DESCRIPTION OF THE TASK
Find the lines below in which the string "Tomat" occurs. Copy each one.

SUPPLIED DATA
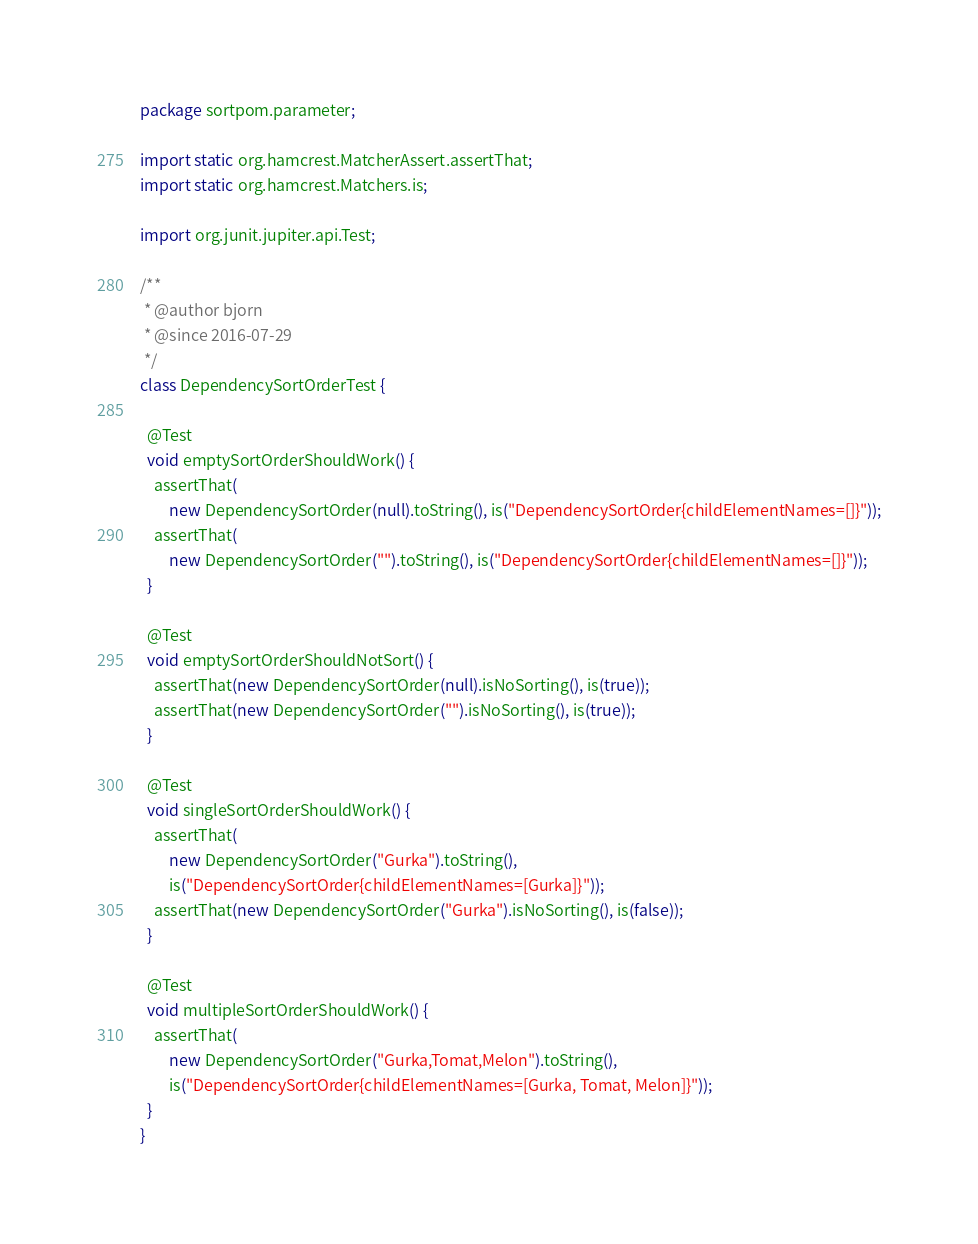Convert code to text. <code><loc_0><loc_0><loc_500><loc_500><_Java_>package sortpom.parameter;

import static org.hamcrest.MatcherAssert.assertThat;
import static org.hamcrest.Matchers.is;

import org.junit.jupiter.api.Test;

/**
 * @author bjorn
 * @since 2016-07-29
 */
class DependencySortOrderTest {

  @Test
  void emptySortOrderShouldWork() {
    assertThat(
        new DependencySortOrder(null).toString(), is("DependencySortOrder{childElementNames=[]}"));
    assertThat(
        new DependencySortOrder("").toString(), is("DependencySortOrder{childElementNames=[]}"));
  }

  @Test
  void emptySortOrderShouldNotSort() {
    assertThat(new DependencySortOrder(null).isNoSorting(), is(true));
    assertThat(new DependencySortOrder("").isNoSorting(), is(true));
  }

  @Test
  void singleSortOrderShouldWork() {
    assertThat(
        new DependencySortOrder("Gurka").toString(),
        is("DependencySortOrder{childElementNames=[Gurka]}"));
    assertThat(new DependencySortOrder("Gurka").isNoSorting(), is(false));
  }

  @Test
  void multipleSortOrderShouldWork() {
    assertThat(
        new DependencySortOrder("Gurka,Tomat,Melon").toString(),
        is("DependencySortOrder{childElementNames=[Gurka, Tomat, Melon]}"));
  }
}
</code>

SOLUTION
        new DependencySortOrder("Gurka,Tomat,Melon").toString(),
        is("DependencySortOrder{childElementNames=[Gurka, Tomat, Melon]}"));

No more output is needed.